[Records from a data source]
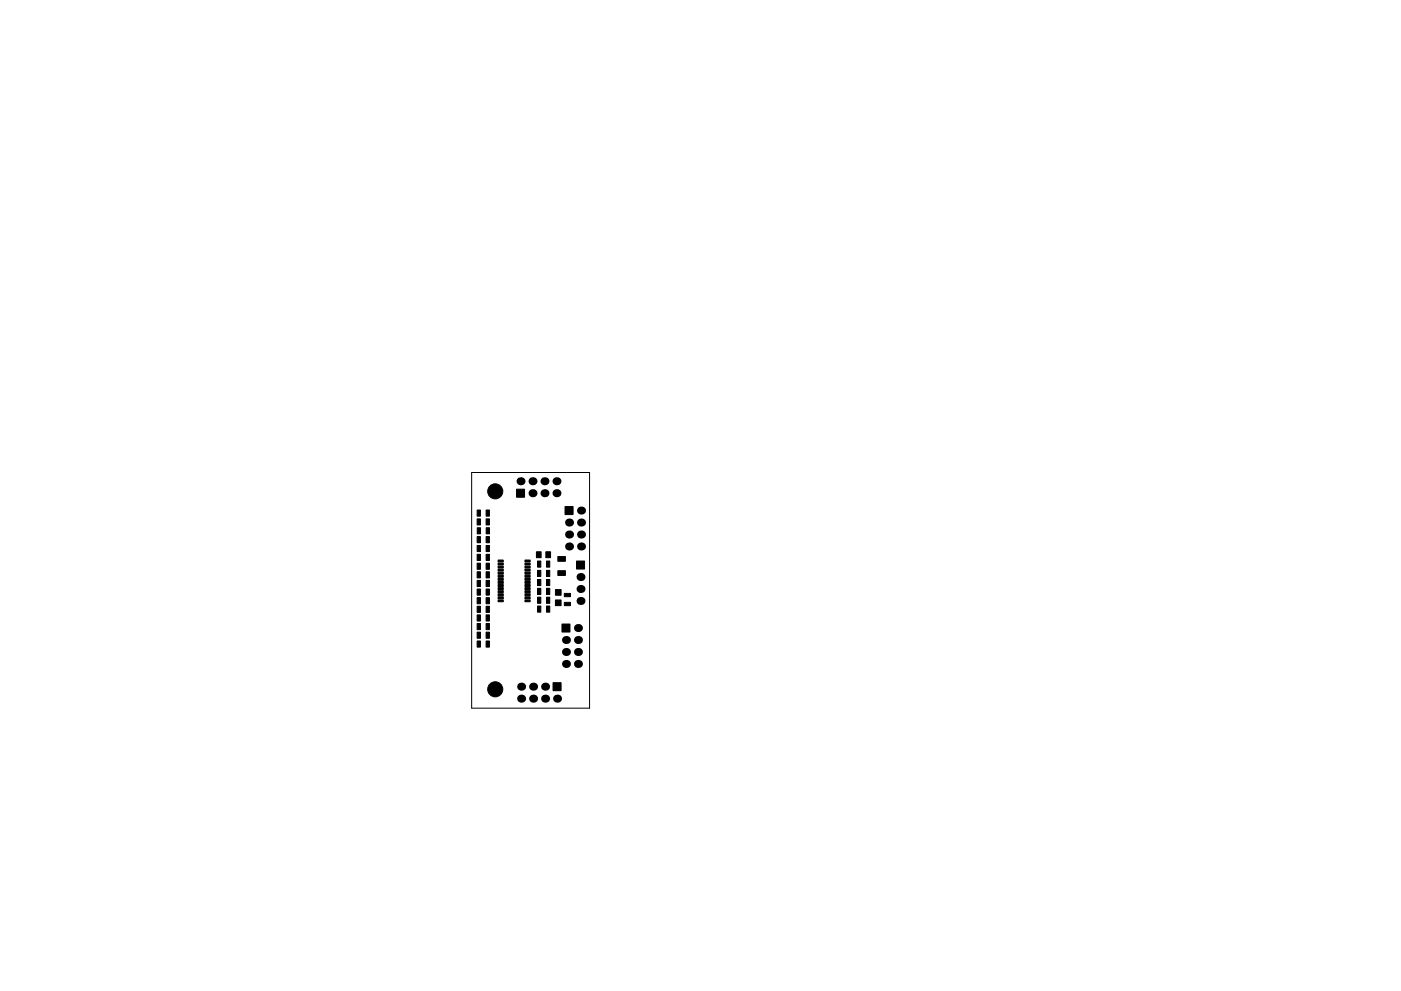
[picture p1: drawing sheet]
<svg xmlns="http://www.w3.org/2000/svg" width="297mm" height="210mm" viewBox="0 0 297 210" stroke-linecap="round" stroke-linejoin="round" font-family="sans-serif">
<path d="M100 100.2h25v50h-25z" fill="none" stroke="#000" stroke-width=".21"/>
<g fill="#000" stroke="#000" stroke-width=".21">
<path d="M101.2 115.7h.7v1.3h-.7zM101.2 117.6h.7v1.3h-.7zM101.2 108.2h.7v1.3h-.7zM101.2 110.1h.7v1.3h-.7zM101.2 113.8h.7v1.3h-.7zM101.2 112h.7v1.3h-.7zM103.1 115.7h.7v1.3h-.7zM103.1 117.6h.7v1.3h-.7zM103.1 108.2h.7v1.3h-.7zM103.1 110.1h.7v1.3h-.7zM103.1 113.8h.7v1.3h-.7zM103.1 112h.7v1.3h-.7z"/>
<path d="M105.6 118.8h1.1v.4h-1.1zM105.6 119.5h1.1v.4h-1.1zM109.5 103.8h1.7v1.7h-1.7zM111.3 119.5h1.1v.4h-1.1zM111.3 118.8h1.1v.4h-1.1zM113.7 117.1h1v1.2h-1zM115.7 117.1h1v1.2h-1zM118.3 118.1h1.6v1h-1.6zM119.8 107.5h1.7v1.7h-1.7zM101.2 119.5h.7v1.3h-.7zM101.2 121.3h.7v1.3h-.7zM101.2 123.1h.7v1.3h-.7z"/>
<path d="M101.2 125h.7v1.3h-.7zM101.2 126.8h.7v1.3h-.7zM101.2 128.6h.7v1.3h-.7zM101.2 136h.7v1.3h-.7zM101.2 134.1h.7v1.3h-.7zM101.2 132.3h.7v1.3h-.7zM101.2 130.5h.7v1.3h-.7zM103.1 119.5h.7v1.3h-.7zM103.1 121.3h.7v1.3h-.7zM103.1 123.1h.7v1.3h-.7zM103.1 125h.7v1.3h-.7zM103.1 126.8h.7v1.3h-.7z"/>
<path d="M103.1 128.6h.7v1.3h-.7zM103.1 136h.7v1.3h-.7zM103.1 134.1h.7v1.3h-.7zM103.1 132.3h.7v1.3h-.7zM103.1 130.5h.7v1.3h-.7zM105.6 120.1h1.1v.4h-1.1zM105.6 120.8h1.1v.4h-1.1zM105.6 121.4h1.1v.4h-1.1zM105.6 122.1h1.1v.4h-1.1zM105.6 122.7h1.1v.4h-1.1zM105.6 123.4h1.1v.4h-1.1zM105.6 124h1.1v.4h-1.1z"/>
<path d="M105.6 124.7h1.1v.4h-1.1zM105.6 125.3h1.1v.4h-1.1zM105.6 126h1.1v.4h-1.1zM105.6 126.6h1.1v.4h-1.1zM105.6 127.3h1.1v.4h-1.1zM111.3 127.3h1.1v.4h-1.1zM111.3 126.6h1.1v.4h-1.1zM111.3 126h1.1v.4h-1.1zM111.3 125.3h1.1v.4h-1.1zM111.3 124.7h1.1v.4h-1.1zM111.3 124h1.1v.4h-1.1zM111.3 123.4h1.1v.4h-1.1z"/>
<path d="M111.3 122.7h1.1v.4h-1.1zM111.3 122.1h1.1v.4h-1.1zM111.3 121.4h1.1v.4h-1.1zM111.3 120.8h1.1v.4h-1.1zM111.3 120.1h1.1v.4h-1.1zM114 119h.7v1.3h-.7zM114 121h.7v1.3h-.7zM114 128.6h.7v1.3h-.7zM114 126.7h.7v1.3h-.7zM114 124.8h.7v1.3h-.7zM114 122.9h.7v1.3h-.7zM115.9 119h.7v1.3h-.7z"/>
<path d="M115.9 121h.7v1.3h-.7zM115.9 128.6h.7v1.3h-.7zM115.9 126.7h.7v1.3h-.7zM115.9 124.8h.7v1.3h-.7zM115.9 122.9h.7v1.3h-.7zM118.3 121.1h1.6v1h-1.6zM117.8 127.3h1.2v1.2h-1.2zM117.8 125.1h1.2v1.2h-1.2zM119.1 132.4h1.7v1.7h-1.7zM119.6 125.9h1.3v.7h-1.3zM119.6 127.8h1.3v.7h-1.3zM122.2 119h1.7v1.7h-1.7z"/>
<path d="M117.3 144.8h1.7v1.7h-1.7z"/>
<circle cx="105" cy="104.2" r="1.6"/>
<circle cx="105" cy="146.2" r="1.6"/>
</g>
<g fill="#000">
<circle cx="110.4" cy="102.1" r=".85"/>
<circle cx="112.9" cy="104.6" r=".85"/>
<circle cx="112.9" cy="102.1" r=".85"/>
<circle cx="115.4" cy="104.6" r=".85"/>
<circle cx="115.4" cy="102.1" r=".85"/>
<circle cx="118" cy="102.1" r=".85"/>
<circle cx="118" cy="104.6" r=".85"/>
<circle cx="120.6" cy="113.4" r=".85"/>
<circle cx="120.6" cy="115.9" r=".85"/>
<circle cx="120.6" cy="110.9" r=".85"/>
<circle cx="123.2" cy="108.3" r=".85"/>
<circle cx="123.2" cy="110.9" r=".85"/>
<circle cx="123.2" cy="113.4" r=".85"/>
<circle cx="123.2" cy="115.9" r=".85"/>
<circle cx="120" cy="135.8" r=".85"/>
<circle cx="120" cy="138.3" r=".85"/>
<circle cx="122.5" cy="135.8" r=".85"/>
<circle cx="122.5" cy="133.2" r=".85"/>
<circle cx="122.5" cy="138.3" r=".85"/>
<circle cx="123.1" cy="122.4" r=".85"/>
<circle cx="123.1" cy="125" r=".85"/>
<circle cx="123.1" cy="127.5" r=".85"/>
<circle cx="110.5" cy="148.2" r=".85"/>
<circle cx="110.5" cy="145.7" r=".85"/>
<circle cx="113" cy="145.7" r=".85"/>
<circle cx="113" cy="148.2" r=".85"/>
<circle cx="115.6" cy="148.2" r=".85"/>
<circle cx="115.6" cy="145.7" r=".85"/>
<circle cx="118.1" cy="148.2" r=".85"/>
<circle cx="120" cy="140.9" r=".85"/>
<circle cx="122.5" cy="140.9" r=".85"/>
</g>
</svg>

▸ Exercise
Write out the records once more, exactly as they stand, with no images.

▸ Exercise result
[picture p1: drawing sheet]
<svg xmlns="http://www.w3.org/2000/svg" width="297mm" height="210mm" viewBox="0 0 297 210" stroke-linecap="round" stroke-linejoin="round" font-family="sans-serif">
<path d="M100 100.2h25v50h-25z" fill="none" stroke="#000" stroke-width=".21"/>
<g fill="#000" stroke="#000" stroke-width=".21">
<path d="M101.2 115.7h.7v1.3h-.7zM101.2 117.6h.7v1.3h-.7zM101.2 108.2h.7v1.3h-.7zM101.2 110.1h.7v1.3h-.7zM101.2 113.8h.7v1.3h-.7zM101.2 112h.7v1.3h-.7zM103.1 115.7h.7v1.3h-.7zM103.1 117.6h.7v1.3h-.7zM103.1 108.2h.7v1.3h-.7zM103.1 110.1h.7v1.3h-.7zM103.1 113.8h.7v1.3h-.7zM103.1 112h.7v1.3h-.7z"/>
<path d="M105.6 118.8h1.1v.4h-1.1zM105.6 119.5h1.1v.4h-1.1zM109.5 103.8h1.7v1.7h-1.7zM111.3 119.5h1.1v.4h-1.1zM111.3 118.8h1.1v.4h-1.1zM113.7 117.1h1v1.2h-1zM115.7 117.1h1v1.2h-1zM118.3 118.1h1.6v1h-1.6zM119.8 107.5h1.7v1.7h-1.7zM101.2 119.5h.7v1.3h-.7zM101.2 121.3h.7v1.3h-.7zM101.2 123.1h.7v1.3h-.7z"/>
<path d="M101.2 125h.7v1.3h-.7zM101.2 126.8h.7v1.3h-.7zM101.2 128.6h.7v1.3h-.7zM101.2 136h.7v1.3h-.7zM101.2 134.1h.7v1.3h-.7zM101.2 132.3h.7v1.3h-.7zM101.2 130.5h.7v1.3h-.7zM103.1 119.5h.7v1.3h-.7zM103.1 121.3h.7v1.3h-.7zM103.1 123.1h.7v1.3h-.7zM103.1 125h.7v1.3h-.7zM103.1 126.8h.7v1.3h-.7z"/>
<path d="M103.1 128.6h.7v1.3h-.7zM103.1 136h.7v1.3h-.7zM103.1 134.1h.7v1.3h-.7zM103.1 132.3h.7v1.3h-.7zM103.1 130.5h.7v1.3h-.7zM105.6 120.1h1.1v.4h-1.1zM105.6 120.8h1.1v.4h-1.1zM105.6 121.4h1.1v.4h-1.1zM105.6 122.1h1.1v.4h-1.1zM105.6 122.7h1.1v.4h-1.1zM105.6 123.4h1.1v.4h-1.1zM105.6 124h1.1v.4h-1.1z"/>
<path d="M105.6 124.7h1.1v.4h-1.1zM105.6 125.3h1.1v.4h-1.1zM105.6 126h1.1v.4h-1.1zM105.6 126.6h1.1v.4h-1.1zM105.6 127.3h1.1v.4h-1.1zM111.3 127.3h1.1v.4h-1.1zM111.3 126.6h1.1v.4h-1.1zM111.3 126h1.1v.4h-1.1zM111.3 125.3h1.1v.4h-1.1zM111.3 124.7h1.1v.4h-1.1zM111.3 124h1.1v.4h-1.1zM111.3 123.4h1.1v.4h-1.1z"/>
<path d="M111.3 122.7h1.1v.4h-1.1zM111.3 122.1h1.1v.4h-1.1zM111.3 121.4h1.1v.4h-1.1zM111.3 120.8h1.1v.4h-1.1zM111.3 120.1h1.1v.4h-1.1zM114 119h.7v1.3h-.7zM114 121h.7v1.3h-.7zM114 128.6h.7v1.3h-.7zM114 126.7h.7v1.3h-.7zM114 124.8h.7v1.3h-.7zM114 122.9h.7v1.3h-.7zM115.9 119h.7v1.3h-.7z"/>
<path d="M115.9 121h.7v1.3h-.7zM115.9 128.6h.7v1.3h-.7zM115.9 126.7h.7v1.3h-.7zM115.9 124.8h.7v1.3h-.7zM115.9 122.9h.7v1.3h-.7zM118.3 121.1h1.6v1h-1.6zM117.8 127.3h1.2v1.2h-1.2zM117.8 125.1h1.2v1.2h-1.2zM119.1 132.4h1.7v1.7h-1.7zM119.6 125.9h1.3v.7h-1.3zM119.6 127.8h1.3v.7h-1.3zM122.2 119h1.7v1.7h-1.7z"/>
<path d="M117.3 144.8h1.7v1.7h-1.7z"/>
<circle cx="105" cy="104.2" r="1.6"/>
<circle cx="105" cy="146.2" r="1.6"/>
</g>
<g fill="#000">
<circle cx="110.4" cy="102.1" r=".85"/>
<circle cx="112.9" cy="104.6" r=".85"/>
<circle cx="112.9" cy="102.1" r=".85"/>
<circle cx="115.4" cy="104.6" r=".85"/>
<circle cx="115.4" cy="102.1" r=".85"/>
<circle cx="118" cy="102.1" r=".85"/>
<circle cx="118" cy="104.6" r=".85"/>
<circle cx="120.6" cy="113.4" r=".85"/>
<circle cx="120.6" cy="115.9" r=".85"/>
<circle cx="120.6" cy="110.9" r=".85"/>
<circle cx="123.2" cy="108.3" r=".85"/>
<circle cx="123.2" cy="110.9" r=".85"/>
<circle cx="123.2" cy="113.4" r=".85"/>
<circle cx="123.2" cy="115.9" r=".85"/>
<circle cx="120" cy="135.8" r=".85"/>
<circle cx="120" cy="138.3" r=".85"/>
<circle cx="122.5" cy="135.8" r=".85"/>
<circle cx="122.5" cy="133.2" r=".85"/>
<circle cx="122.5" cy="138.3" r=".85"/>
<circle cx="123.1" cy="122.4" r=".85"/>
<circle cx="123.1" cy="125" r=".85"/>
<circle cx="123.1" cy="127.5" r=".85"/>
<circle cx="110.5" cy="148.2" r=".85"/>
<circle cx="110.5" cy="145.7" r=".85"/>
<circle cx="113" cy="145.7" r=".85"/>
<circle cx="113" cy="148.2" r=".85"/>
<circle cx="115.6" cy="148.2" r=".85"/>
<circle cx="115.6" cy="145.7" r=".85"/>
<circle cx="118.1" cy="148.2" r=".85"/>
<circle cx="120" cy="140.9" r=".85"/>
<circle cx="122.5" cy="140.9" r=".85"/>
</g>
</svg>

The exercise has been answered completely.